*** Listed entries ***

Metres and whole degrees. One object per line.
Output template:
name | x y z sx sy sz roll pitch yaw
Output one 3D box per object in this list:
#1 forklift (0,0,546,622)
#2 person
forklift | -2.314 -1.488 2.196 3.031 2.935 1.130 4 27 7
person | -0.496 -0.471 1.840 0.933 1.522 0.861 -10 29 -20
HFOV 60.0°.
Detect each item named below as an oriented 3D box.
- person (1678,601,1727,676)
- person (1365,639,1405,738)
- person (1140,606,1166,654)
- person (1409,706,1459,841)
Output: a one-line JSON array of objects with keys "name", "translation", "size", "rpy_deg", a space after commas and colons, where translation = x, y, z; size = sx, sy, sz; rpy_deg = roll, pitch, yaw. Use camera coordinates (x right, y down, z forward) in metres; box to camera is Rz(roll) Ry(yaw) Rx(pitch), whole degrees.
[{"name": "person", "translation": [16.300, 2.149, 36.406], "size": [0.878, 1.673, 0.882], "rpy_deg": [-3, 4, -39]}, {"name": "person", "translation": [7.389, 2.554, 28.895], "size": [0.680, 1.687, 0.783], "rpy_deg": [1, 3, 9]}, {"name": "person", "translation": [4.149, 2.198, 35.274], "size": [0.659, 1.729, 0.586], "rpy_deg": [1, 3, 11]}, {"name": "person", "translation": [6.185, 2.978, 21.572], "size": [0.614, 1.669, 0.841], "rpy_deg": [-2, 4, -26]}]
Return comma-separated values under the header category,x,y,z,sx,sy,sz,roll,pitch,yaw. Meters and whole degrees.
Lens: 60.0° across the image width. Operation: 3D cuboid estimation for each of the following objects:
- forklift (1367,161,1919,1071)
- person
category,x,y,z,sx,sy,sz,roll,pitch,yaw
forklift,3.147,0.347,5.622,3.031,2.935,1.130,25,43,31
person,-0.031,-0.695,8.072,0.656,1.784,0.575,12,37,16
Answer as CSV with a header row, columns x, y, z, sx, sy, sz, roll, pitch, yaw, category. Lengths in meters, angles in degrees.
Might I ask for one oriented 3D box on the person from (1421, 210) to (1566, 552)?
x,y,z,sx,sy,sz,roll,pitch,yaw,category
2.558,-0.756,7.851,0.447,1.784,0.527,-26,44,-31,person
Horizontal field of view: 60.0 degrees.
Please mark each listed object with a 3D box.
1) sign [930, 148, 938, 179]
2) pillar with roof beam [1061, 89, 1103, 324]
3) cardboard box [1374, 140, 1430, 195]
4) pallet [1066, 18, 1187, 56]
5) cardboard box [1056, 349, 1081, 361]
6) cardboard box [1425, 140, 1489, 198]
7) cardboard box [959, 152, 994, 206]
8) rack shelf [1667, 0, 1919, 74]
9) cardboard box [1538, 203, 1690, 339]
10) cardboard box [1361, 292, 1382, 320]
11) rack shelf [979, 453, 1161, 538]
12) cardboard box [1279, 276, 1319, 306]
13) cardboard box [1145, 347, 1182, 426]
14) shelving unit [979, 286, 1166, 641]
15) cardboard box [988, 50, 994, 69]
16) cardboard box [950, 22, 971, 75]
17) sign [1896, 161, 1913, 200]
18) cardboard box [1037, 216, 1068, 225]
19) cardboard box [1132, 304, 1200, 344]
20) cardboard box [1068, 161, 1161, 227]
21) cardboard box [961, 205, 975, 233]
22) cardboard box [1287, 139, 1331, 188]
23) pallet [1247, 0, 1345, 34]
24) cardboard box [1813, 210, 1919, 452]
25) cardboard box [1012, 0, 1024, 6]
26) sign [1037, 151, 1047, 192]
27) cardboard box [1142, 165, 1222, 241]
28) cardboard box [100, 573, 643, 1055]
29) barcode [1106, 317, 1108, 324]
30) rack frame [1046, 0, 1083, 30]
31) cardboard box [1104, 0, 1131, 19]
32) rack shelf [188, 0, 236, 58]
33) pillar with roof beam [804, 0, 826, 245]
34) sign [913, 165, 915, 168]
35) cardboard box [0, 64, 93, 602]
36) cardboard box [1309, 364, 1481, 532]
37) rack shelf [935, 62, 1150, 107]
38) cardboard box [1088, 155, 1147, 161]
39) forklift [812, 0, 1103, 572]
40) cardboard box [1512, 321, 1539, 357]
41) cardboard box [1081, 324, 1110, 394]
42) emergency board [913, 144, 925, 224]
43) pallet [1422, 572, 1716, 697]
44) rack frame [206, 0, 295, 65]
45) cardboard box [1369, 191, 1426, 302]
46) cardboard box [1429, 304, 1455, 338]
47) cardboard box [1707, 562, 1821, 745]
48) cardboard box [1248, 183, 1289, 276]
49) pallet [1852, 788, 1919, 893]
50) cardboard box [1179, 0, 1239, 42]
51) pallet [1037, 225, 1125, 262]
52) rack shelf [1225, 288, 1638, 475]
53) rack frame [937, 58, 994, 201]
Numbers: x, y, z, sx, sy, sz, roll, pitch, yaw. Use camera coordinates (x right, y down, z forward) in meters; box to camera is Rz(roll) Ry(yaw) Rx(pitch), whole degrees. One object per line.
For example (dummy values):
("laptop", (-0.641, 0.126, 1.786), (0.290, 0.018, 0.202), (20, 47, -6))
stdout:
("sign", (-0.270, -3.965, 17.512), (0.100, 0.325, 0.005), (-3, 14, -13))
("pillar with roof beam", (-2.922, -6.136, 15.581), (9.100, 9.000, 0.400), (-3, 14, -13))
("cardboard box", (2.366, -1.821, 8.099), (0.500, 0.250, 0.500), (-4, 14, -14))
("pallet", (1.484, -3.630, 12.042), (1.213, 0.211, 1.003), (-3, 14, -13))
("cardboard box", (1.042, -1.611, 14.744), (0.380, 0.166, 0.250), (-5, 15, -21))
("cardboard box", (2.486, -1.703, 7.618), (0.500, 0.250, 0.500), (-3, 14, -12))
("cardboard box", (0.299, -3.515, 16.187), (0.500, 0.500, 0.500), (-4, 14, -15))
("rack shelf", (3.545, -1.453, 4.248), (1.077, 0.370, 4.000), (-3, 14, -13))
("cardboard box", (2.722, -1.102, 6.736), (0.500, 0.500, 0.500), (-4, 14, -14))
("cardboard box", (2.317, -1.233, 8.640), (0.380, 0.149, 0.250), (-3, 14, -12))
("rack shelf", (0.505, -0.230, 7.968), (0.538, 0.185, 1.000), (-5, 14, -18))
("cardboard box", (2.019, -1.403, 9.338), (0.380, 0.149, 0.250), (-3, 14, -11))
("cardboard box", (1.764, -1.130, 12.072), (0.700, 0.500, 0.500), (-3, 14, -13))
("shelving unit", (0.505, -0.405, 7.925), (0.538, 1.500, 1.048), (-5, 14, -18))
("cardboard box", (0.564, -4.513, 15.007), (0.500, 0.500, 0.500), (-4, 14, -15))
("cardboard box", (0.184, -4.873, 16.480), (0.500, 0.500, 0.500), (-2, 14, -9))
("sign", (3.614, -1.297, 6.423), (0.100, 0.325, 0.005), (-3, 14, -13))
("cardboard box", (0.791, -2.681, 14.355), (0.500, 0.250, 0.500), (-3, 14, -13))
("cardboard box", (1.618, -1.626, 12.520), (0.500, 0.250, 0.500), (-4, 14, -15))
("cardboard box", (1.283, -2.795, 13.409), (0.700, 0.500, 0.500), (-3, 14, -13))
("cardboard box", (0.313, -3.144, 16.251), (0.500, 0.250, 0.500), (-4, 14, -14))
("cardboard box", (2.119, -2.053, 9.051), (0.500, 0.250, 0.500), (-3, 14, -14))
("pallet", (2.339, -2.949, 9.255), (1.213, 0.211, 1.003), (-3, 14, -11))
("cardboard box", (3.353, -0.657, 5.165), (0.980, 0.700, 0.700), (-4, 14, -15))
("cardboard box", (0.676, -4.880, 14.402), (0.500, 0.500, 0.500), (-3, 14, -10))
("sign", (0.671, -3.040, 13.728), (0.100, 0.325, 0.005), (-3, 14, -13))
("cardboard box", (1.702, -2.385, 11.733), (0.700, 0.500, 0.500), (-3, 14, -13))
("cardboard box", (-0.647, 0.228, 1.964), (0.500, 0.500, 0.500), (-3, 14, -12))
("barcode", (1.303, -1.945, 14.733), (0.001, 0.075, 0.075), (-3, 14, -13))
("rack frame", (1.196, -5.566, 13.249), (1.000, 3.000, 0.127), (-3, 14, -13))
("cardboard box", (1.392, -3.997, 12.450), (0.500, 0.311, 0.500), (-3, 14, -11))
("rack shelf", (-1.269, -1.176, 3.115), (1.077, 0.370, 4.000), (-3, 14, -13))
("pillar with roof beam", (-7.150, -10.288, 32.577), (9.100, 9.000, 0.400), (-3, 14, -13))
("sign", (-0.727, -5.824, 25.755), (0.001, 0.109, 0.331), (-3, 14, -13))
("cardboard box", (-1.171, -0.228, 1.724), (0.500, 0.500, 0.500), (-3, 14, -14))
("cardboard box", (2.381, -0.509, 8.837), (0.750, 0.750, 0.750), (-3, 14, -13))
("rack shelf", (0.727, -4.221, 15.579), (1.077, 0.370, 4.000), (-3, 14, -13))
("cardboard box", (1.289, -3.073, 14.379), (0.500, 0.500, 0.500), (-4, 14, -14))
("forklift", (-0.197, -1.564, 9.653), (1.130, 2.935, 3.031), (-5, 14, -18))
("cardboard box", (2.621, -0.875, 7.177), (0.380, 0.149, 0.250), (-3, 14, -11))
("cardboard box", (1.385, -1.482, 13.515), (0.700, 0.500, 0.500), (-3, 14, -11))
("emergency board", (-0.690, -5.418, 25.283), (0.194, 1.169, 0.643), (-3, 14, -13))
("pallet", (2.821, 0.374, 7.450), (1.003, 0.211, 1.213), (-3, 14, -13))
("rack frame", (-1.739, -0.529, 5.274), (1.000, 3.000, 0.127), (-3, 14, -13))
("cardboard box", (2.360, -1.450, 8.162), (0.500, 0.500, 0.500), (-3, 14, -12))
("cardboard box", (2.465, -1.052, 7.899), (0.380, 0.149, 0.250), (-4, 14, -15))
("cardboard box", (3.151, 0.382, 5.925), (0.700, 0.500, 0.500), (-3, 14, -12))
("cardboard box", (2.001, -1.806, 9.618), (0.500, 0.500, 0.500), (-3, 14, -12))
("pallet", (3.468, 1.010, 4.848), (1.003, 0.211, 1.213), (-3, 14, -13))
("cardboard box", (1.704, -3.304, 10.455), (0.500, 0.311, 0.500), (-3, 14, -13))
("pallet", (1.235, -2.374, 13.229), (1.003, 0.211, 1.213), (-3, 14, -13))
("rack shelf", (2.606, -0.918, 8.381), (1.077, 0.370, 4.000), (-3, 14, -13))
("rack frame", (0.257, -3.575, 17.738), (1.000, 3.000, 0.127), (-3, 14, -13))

*** End of Listed entries ***

Problem description: Look back at the entries above and repeat, unchanged, every line from the line holding "- person (1140,606,1166,654)" through the line holding "11) rack shelf [979, 453, 1161, 538]".

Task result:
- person (1140,606,1166,654)
- person (1409,706,1459,841)
Output: a one-line JSON array of objects with keys "name", "translation", "size", "rpy_deg", a space after commas and colons, where translation = x, y, z; size = sx, sy, sz; rpy_deg = roll, pitch, yaw. Use camera coordinates (x right, y down, z forward) in metres; box to camera is Rz(roll) Ry(yaw) Rx(pitch), whole degrees.
[{"name": "person", "translation": [16.300, 2.149, 36.406], "size": [0.878, 1.673, 0.882], "rpy_deg": [-3, 4, -39]}, {"name": "person", "translation": [7.389, 2.554, 28.895], "size": [0.680, 1.687, 0.783], "rpy_deg": [1, 3, 9]}, {"name": "person", "translation": [4.149, 2.198, 35.274], "size": [0.659, 1.729, 0.586], "rpy_deg": [1, 3, 11]}, {"name": "person", "translation": [6.185, 2.978, 21.572], "size": [0.614, 1.669, 0.841], "rpy_deg": [-2, 4, -26]}]
Return comma-separated values under the header category,x,y,z,sx,sy,sz,roll,pitch,yaw. Meters and whole degrees.
Lens: 60.0° across the image width. Operation: 3D cuboid estimation for each of the following objects:
- forklift (1367,161,1919,1071)
- person
category,x,y,z,sx,sy,sz,roll,pitch,yaw
forklift,3.147,0.347,5.622,3.031,2.935,1.130,25,43,31
person,-0.031,-0.695,8.072,0.656,1.784,0.575,12,37,16
Answer as CSV with a header row, columns x, y, z, sx, sy, sz, roll, pitch, yaw, category. Lengths in meters, angles in degrees.
Might I ask for one oriented 3D box on the person from (1421, 210) to (1566, 552)?
x,y,z,sx,sy,sz,roll,pitch,yaw,category
2.558,-0.756,7.851,0.447,1.784,0.527,-26,44,-31,person
Horizontal field of view: 60.0 degrees.
Please mark each listed object with a 3D box.
1) sign [930, 148, 938, 179]
2) pillar with roof beam [1061, 89, 1103, 324]
3) cardboard box [1374, 140, 1430, 195]
4) pallet [1066, 18, 1187, 56]
5) cardboard box [1056, 349, 1081, 361]
6) cardboard box [1425, 140, 1489, 198]
7) cardboard box [959, 152, 994, 206]
8) rack shelf [1667, 0, 1919, 74]
9) cardboard box [1538, 203, 1690, 339]
10) cardboard box [1361, 292, 1382, 320]
11) rack shelf [979, 453, 1161, 538]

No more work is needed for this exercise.